DATA TO EXAMINE:
----
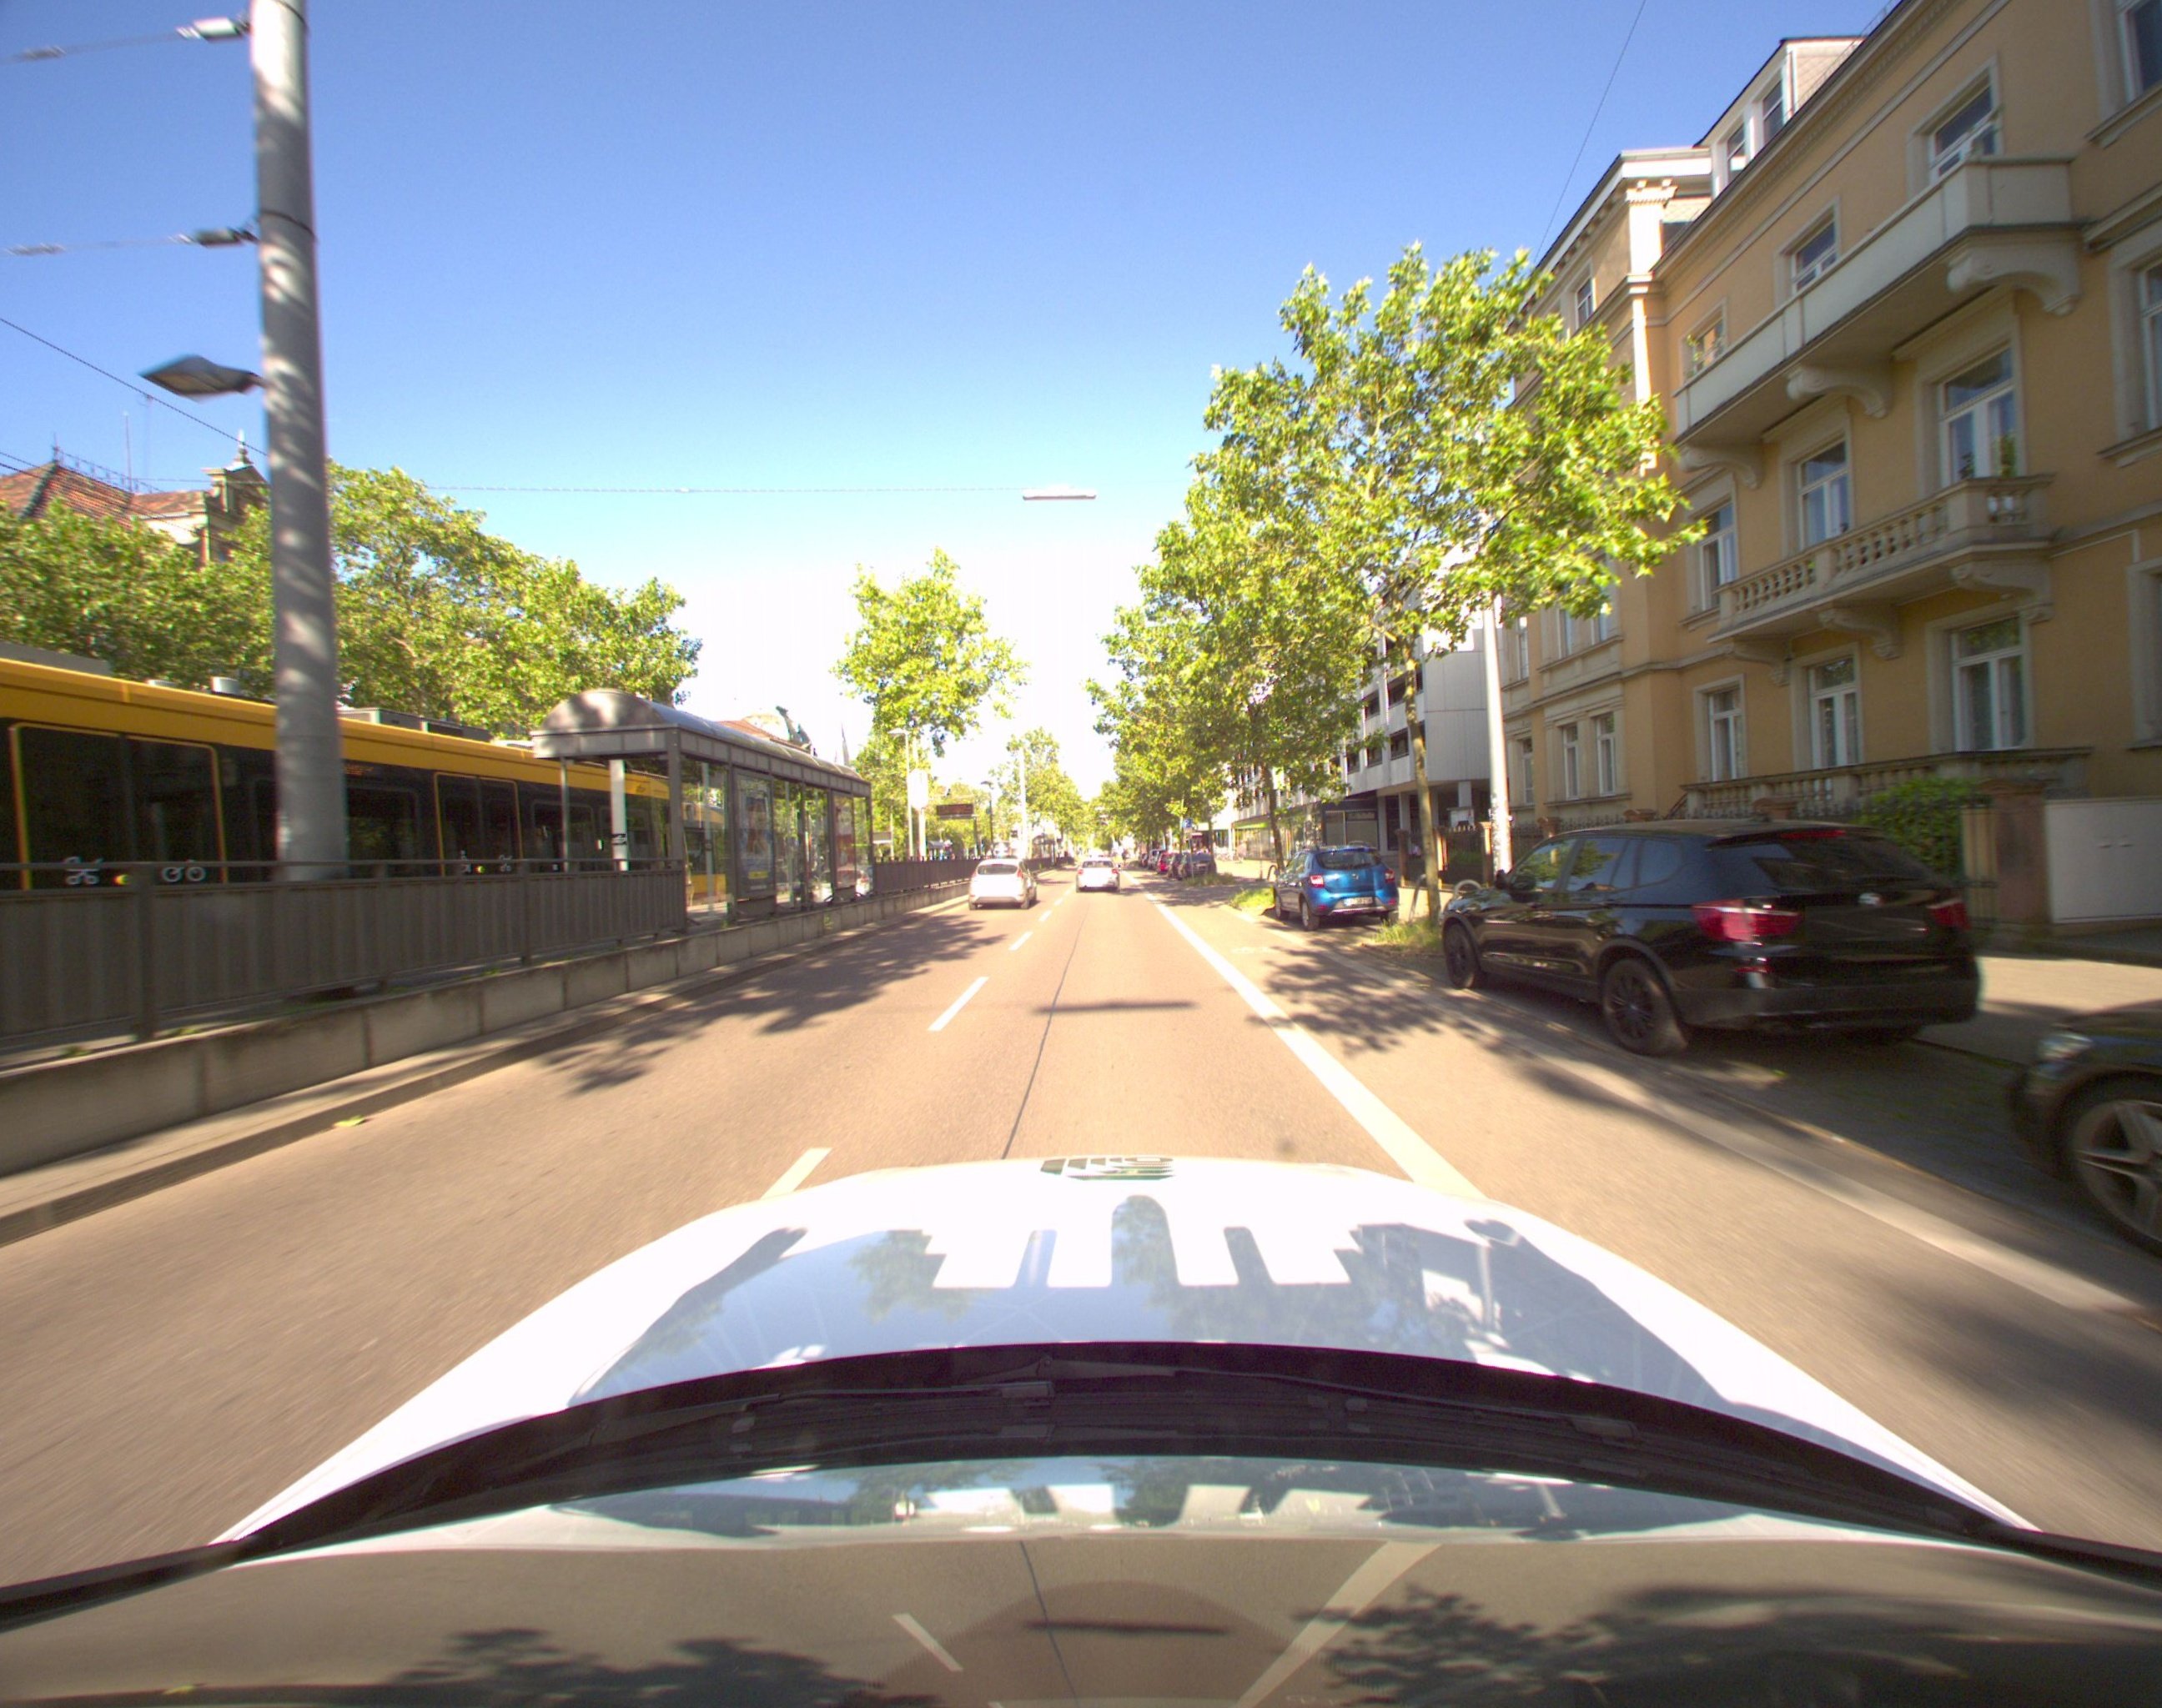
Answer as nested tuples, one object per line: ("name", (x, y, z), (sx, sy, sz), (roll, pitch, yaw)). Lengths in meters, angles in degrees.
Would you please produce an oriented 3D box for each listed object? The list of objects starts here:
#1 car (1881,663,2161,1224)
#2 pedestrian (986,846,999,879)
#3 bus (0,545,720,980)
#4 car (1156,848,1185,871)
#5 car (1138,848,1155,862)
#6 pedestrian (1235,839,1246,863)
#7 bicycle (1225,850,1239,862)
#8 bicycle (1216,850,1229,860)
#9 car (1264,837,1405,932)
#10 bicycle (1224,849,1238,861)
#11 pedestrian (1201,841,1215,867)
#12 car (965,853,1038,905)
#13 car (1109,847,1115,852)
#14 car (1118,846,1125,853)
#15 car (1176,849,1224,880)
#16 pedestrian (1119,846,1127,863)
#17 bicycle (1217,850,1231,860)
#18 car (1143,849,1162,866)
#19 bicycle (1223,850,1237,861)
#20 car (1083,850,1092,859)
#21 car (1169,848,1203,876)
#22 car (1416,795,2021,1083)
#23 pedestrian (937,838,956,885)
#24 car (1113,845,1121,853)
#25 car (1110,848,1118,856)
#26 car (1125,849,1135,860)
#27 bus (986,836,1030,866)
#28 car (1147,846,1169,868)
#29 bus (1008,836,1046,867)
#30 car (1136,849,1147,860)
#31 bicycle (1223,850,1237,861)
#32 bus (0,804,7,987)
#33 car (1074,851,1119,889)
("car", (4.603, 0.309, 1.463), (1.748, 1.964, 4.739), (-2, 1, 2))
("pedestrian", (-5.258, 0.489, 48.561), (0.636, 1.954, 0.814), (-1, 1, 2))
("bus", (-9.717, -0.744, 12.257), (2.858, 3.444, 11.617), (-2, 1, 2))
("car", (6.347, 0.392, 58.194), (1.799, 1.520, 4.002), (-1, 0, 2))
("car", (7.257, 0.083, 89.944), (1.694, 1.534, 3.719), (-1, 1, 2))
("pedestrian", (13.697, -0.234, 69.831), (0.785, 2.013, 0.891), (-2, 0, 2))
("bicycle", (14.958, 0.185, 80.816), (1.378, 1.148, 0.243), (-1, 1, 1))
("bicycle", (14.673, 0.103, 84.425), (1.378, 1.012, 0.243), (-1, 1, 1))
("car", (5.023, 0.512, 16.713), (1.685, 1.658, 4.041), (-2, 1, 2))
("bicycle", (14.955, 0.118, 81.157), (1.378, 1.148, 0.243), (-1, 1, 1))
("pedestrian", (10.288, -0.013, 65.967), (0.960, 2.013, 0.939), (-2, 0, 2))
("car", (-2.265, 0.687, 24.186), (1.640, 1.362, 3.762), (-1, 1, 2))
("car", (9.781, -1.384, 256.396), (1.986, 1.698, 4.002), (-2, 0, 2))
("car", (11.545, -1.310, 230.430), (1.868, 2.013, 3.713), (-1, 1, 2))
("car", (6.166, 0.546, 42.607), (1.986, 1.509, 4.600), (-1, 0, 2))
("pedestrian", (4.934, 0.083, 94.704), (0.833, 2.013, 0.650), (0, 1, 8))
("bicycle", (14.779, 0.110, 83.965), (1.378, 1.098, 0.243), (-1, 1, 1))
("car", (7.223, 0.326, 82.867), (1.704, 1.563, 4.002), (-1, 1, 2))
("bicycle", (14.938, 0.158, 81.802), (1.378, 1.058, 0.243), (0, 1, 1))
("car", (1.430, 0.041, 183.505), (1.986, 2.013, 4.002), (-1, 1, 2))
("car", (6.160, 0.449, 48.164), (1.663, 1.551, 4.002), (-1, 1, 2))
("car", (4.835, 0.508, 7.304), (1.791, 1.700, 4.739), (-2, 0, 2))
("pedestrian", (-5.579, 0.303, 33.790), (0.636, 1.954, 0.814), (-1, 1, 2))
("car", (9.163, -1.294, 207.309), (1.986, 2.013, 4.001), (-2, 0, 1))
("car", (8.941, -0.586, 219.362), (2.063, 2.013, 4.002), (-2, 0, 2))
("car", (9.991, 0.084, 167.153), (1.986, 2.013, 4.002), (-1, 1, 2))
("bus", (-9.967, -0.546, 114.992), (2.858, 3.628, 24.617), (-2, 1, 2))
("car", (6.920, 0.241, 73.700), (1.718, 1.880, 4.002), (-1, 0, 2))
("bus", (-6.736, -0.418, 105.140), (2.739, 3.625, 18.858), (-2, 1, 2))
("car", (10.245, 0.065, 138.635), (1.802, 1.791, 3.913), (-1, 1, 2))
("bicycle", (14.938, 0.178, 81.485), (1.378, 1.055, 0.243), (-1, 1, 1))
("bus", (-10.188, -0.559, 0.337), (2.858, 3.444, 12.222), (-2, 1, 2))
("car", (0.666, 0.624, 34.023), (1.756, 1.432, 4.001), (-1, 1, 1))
----
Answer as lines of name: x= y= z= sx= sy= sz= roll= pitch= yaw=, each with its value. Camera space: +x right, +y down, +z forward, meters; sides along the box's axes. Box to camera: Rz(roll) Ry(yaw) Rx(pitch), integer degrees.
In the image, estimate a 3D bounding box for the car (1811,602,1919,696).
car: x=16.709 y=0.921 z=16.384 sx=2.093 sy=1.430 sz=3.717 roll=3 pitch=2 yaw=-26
----
YOUR TASK: An exact copy of the lines above between the line holding "Answer as nested" and the line holding "#32 bus (0,804,7,987)", inclusive, is the whole answer.

SOLUTION BELOW:
Answer as nested tuples, one object per line: ("name", (x, y, z), (sx, sy, sz), (roll, pitch, yaw)). Lengths in meters, angles in degrees.
Would you please produce an oriented 3D box for each listed object? The list of objects starts here:
#1 car (1881,663,2161,1224)
#2 pedestrian (986,846,999,879)
#3 bus (0,545,720,980)
#4 car (1156,848,1185,871)
#5 car (1138,848,1155,862)
#6 pedestrian (1235,839,1246,863)
#7 bicycle (1225,850,1239,862)
#8 bicycle (1216,850,1229,860)
#9 car (1264,837,1405,932)
#10 bicycle (1224,849,1238,861)
#11 pedestrian (1201,841,1215,867)
#12 car (965,853,1038,905)
#13 car (1109,847,1115,852)
#14 car (1118,846,1125,853)
#15 car (1176,849,1224,880)
#16 pedestrian (1119,846,1127,863)
#17 bicycle (1217,850,1231,860)
#18 car (1143,849,1162,866)
#19 bicycle (1223,850,1237,861)
#20 car (1083,850,1092,859)
#21 car (1169,848,1203,876)
#22 car (1416,795,2021,1083)
#23 pedestrian (937,838,956,885)
#24 car (1113,845,1121,853)
#25 car (1110,848,1118,856)
#26 car (1125,849,1135,860)
#27 bus (986,836,1030,866)
#28 car (1147,846,1169,868)
#29 bus (1008,836,1046,867)
#30 car (1136,849,1147,860)
#31 bicycle (1223,850,1237,861)
#32 bus (0,804,7,987)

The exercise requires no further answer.